Apache Spark 4.0.0 Dev Item Planning (SPARK-44111)

2023-06-20 Thread Dongjoon Hyun
Hi, All.

As a continuation of our previous discussion, the official Apache Spark 4.0
Plan JIRA is created today in order to collect the community dev items.
Feel free to add your work items, ideas, suggestions, aspirations and
interests. We will moderate together.

https://issues.apache.org/jira/browse/SPARK-44111
Prepare Apache Spark 4.0.0

In addition, we are going to include all left-over items which Apache Spark
3.5 cannot include on July 16th (Feature Freeze,
https://spark.apache.org/versioning-policy.html)



=== PREVIOUS THREADS ===

2023-05-28 Apache Spark 3.5.0 Expectations (?)
https://lists.apache.org/thread/3x6dh17bmy20n3frtt3crgxjydnxh2o0

2023-05-30 Apache Spark 4.0 Timeframe?
https://lists.apache.org/thread/xhkgj60j361gdpywoxxz7qspp2w80ry6

2023-06-05 ASF policy violation and Scala version issues
https://lists.apache.org/thread/k7gr65wt0fwtldc7hp7bd0vkg1k93rrb

2023-06-12 [VOTE] Release Plan for Apache Spark 4.0.0 (June 2024)
https://lists.apache.org/thread/r0zn6rd8y25yn2dg59ktw3ttrwxzqrfb

2023-06-16 [VOTE][RESULT] Release Plan for Apache Spark 4.0.0 (June 2024)
https://lists.apache.org/thread/5vfof0nm82gt5b2k2o0ws944hofz232g


Re: [VOTE][RESULT] Release Plan for Apache Spark 4.0.0 (June 2024)

2023-06-20 Thread Holden Karau
That seems like a really good reason for a major version change given the %
of PySpark users and the fact we are (effectively) tied to pandas APIs.

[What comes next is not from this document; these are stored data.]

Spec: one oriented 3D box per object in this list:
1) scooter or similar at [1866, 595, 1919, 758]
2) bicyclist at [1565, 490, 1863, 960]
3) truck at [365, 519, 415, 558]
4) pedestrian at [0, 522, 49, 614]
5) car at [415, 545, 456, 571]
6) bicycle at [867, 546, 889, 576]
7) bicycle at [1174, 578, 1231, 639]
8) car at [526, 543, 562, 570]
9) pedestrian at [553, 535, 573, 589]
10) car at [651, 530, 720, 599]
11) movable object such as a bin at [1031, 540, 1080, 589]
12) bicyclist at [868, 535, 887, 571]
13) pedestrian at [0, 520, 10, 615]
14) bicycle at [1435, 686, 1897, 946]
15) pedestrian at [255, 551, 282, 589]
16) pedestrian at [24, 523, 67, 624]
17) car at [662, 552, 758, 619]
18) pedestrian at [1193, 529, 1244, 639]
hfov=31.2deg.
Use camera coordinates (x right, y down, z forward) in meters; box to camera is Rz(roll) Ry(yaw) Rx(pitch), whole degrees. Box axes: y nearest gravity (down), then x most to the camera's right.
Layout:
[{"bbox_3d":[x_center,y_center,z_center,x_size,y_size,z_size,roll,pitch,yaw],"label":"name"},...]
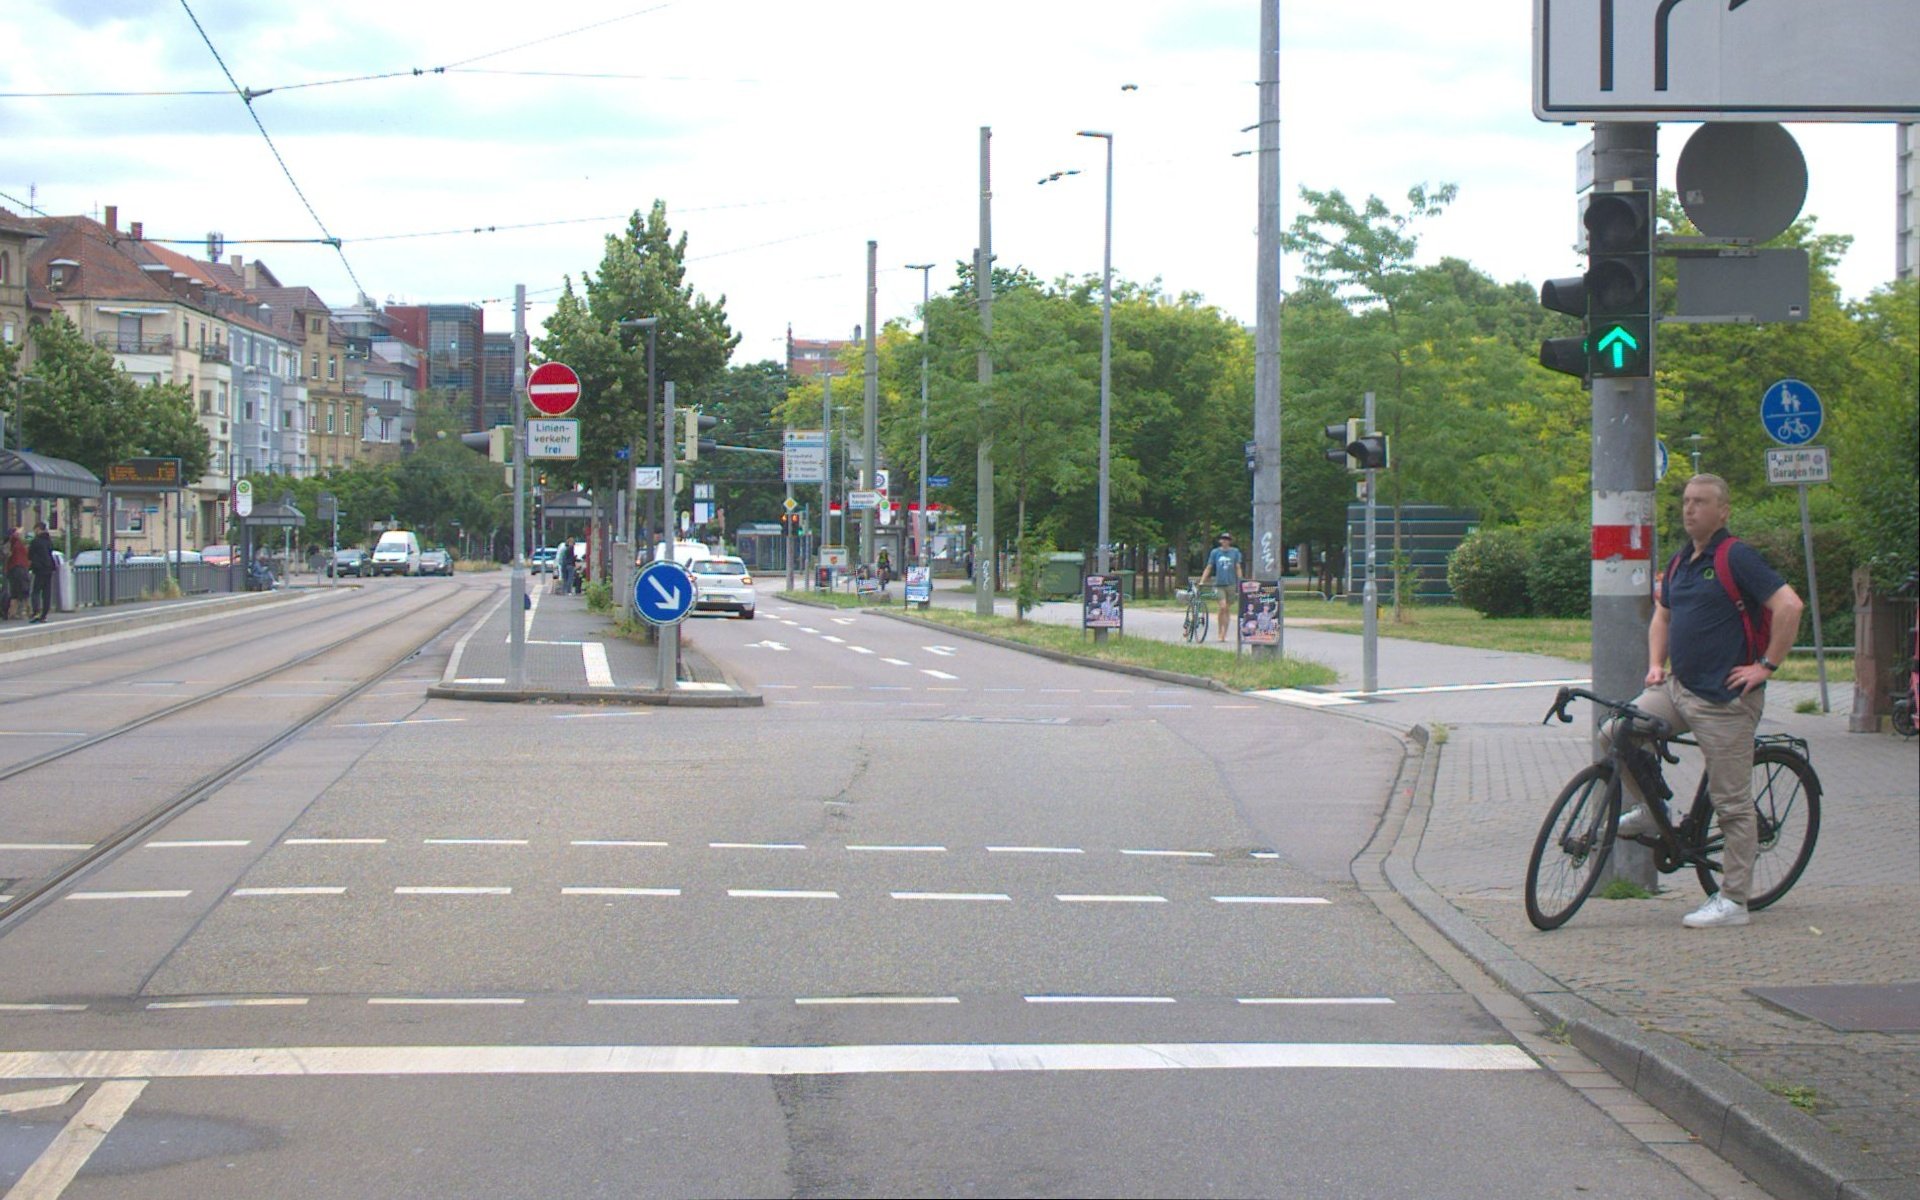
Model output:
[{"bbox_3d":[6.906,0.543,24.564,0.376,1.137,1.200,0,1,-9],"label":"scooter or similar"},{"bbox_3d":[2.988,0.467,13.653,0.680,1.789,0.891,0,1,-38],"label":"bicyclist"},{"bbox_3d":[-30.573,-3.273,184.393,1.788,2.025,5.396,1,1,0],"label":"truck"},{"bbox_3d":[-16.965,-0.585,62.315,0.768,1.654,1.025,0,1,-9],"label":"pedestrian"},{"bbox_3d":[-30.138,-2.411,197.554,1.770,1.488,3.887,1,1,0],"label":"car"},{"bbox_3d":[-3.164,-1.498,132.278,0.679,1.151,1.898,0,1,-6],"label":"bicycle"},{"bbox_3d":[4.112,0.131,58.436,0.654,0.999,1.779,0,1,-6],"label":"bicycle"},{"bbox_3d":[-23.264,-2.433,192.331,1.770,1.488,3.887,0,1,-4],"label":"car"},{"bbox_3d":[-11.498,-1.098,99.648,0.532,1.552,0.571,0,1,-3],"label":"pedestrian"},{"bbox_3d":[-7.995,-1.055,99.783,1.782,1.956,4.383,1,1,-7],"label":"car"},{"bbox_3d":[2.770,-1.023,99.694,1.282,1.385,1.159,0,0,-6],"label":"movable object such as a bin"},{"bbox_3d":[-3.177,-1.810,132.280,0.679,1.375,0.728,0,1,-6],"label":"bicyclist"},{"bbox_3d":[-16.789,-0.560,59.116,0.632,1.618,0.680,-1,1,-43],"label":"pedestrian"},{"bbox_3d":[2.855,0.836,13.820,1.862,0.921,0.796,0,1,-39],"label":"bicycle"},{"bbox_3d":[-23.127,-0.997,115.019,0.864,1.262,0.694,0,1,-9],"label":"pedestrian"},{"bbox_3d":[-15.683,-0.456,58.977,0.699,1.709,0.699,0,1,-15],"label":"pedestrian"},{"bbox_3d":[-5.796,-0.353,79.449,1.782,1.467,4.011,1,1,-10],"label":"car"},{"bbox_3d":[4.387,-0.278,58.329,0.739,1.863,0.682,0,1,-7],"label":"pedestrian"}]

On Tue, Jun 20, 2023 at 12:24 PM Bjørn Jørgensen 
wrote:

> One big thing for 4.0 will be that pandas API on spark will support pandas
> version 2.0
>
> With the major release of pandas 2.0.0 on April 3, 2023, numerous breaking
> changes have been introduced. So, we have made the decision to postpone
> addressing these breaking changes until the next major release of Spark,
> version 4.0.0 to minimize disruptions for our users and provide a more
> seamless upgrade experience.
>
> The pandas 2.0.0 release includes a significant number of updates, such as
> API removals, changes in API behavior, parameter removals, parameter
> behavior changes, and bug fixes. We have planned the following approach for
> each item:
>
> - *API Removals*: Removed APIs will remain deprecated in Spark 3.5.0,
> provide appropriate warnings, and will be removed in Spark 4.0.0.
>
> - *API Behavior Changes*: APIs with changed behavior will retain the
> behavior in Spark 3.5.0, provide appropriate warnings, and will align the
> behavior with pandas in Spark 4.0.0.
>
> - *Parameter Removals*: Removed parameters will remain deprecated in
> Spark 3.5.0, provide appropriate warnings, and will be removed in Spark
> 4.0.0.
>
> - *Parameter Behavior Changes*: Parameters with changed behavior will
> retain the behavior in Spark 3.5.0, provide appropriate warnings, and will
> align the behavior with pandas in Spark 4.0.0.
>
> - *Bug Fixes*: Bug fixes mainly related to correctness issues will be
> fixed in pandas 3.5.0.
>
> *To recap, all breaking changes related to pandas 2.0.0 will be supported
> in Spark 4.0.0,* *and will remain deprecated with appropriate errors in
> Spark 3.5.0.*
>
>
>
> https://issues.apache.org/jira/browse/SPARK-43291?page=com.atlassian.jira.plugin.system.issuetabpanels%3Aall-tabpanel
>
> tir. 20. juni 2023 kl. 06:18 skrev Dongjoon Hyun :
>
>> Hi, Herman.
>>
>> This is a series of discussions as I re-summarized here.
>>
>> You can find some context in the previous timeline thread.
>>
>> 2023-05-30 Apache Spark 4.0 Timeframe?
>> https://lists.apache.org/thread/xhkgj60j361gdpywoxxz7qspp2w80ry6
>>
>> Could you reply there to collect your timeline suggestions? We can
>> discuss more there.
>>
>> Dongjoon.
>>
>>
>>
>> On Mon, Jun 19, 2023 at 1:58 PM Herman van Hovell 
>> wrote:
>>
>>> Dongjoon, I am not sure if I am not sure if I follow the line of thought
>>> here.
>>>
>>> Multiple people have asked for clarification on what Spark 4.0 would
>>> mean (Holden, Mridul, Jia & Xiao). You can - for the record - also add me
>>> to this list. However you choose to single out Xiao because asks this
>>> question and wants to do a preview release as well? So again, what does
>>> Spark 4 mean, and why does it need to take almost a year? Historically
>>> major Spark releases tend to break APIs, but if it only entails changing to
>>> Scala 2.13 and dropping support for JDK 8, then we could also just release
>>> a month after 3.5.
>>>
>>> How about we do this? We get 3.5 released, and afterwards we do a couple
>>> of meetings where we build this roadmap. Using that, we can - hopefully -
>>> have a grounded discussion.
>>>
>>> Cheers,
>>> Herman
>>>
>>> On Mon, Jun 19, 2023 at 4:01 PM Dongjoon Hyun 
>>> wrote:
>>>
 Thank you. I reviewed the threads, vote and result once more.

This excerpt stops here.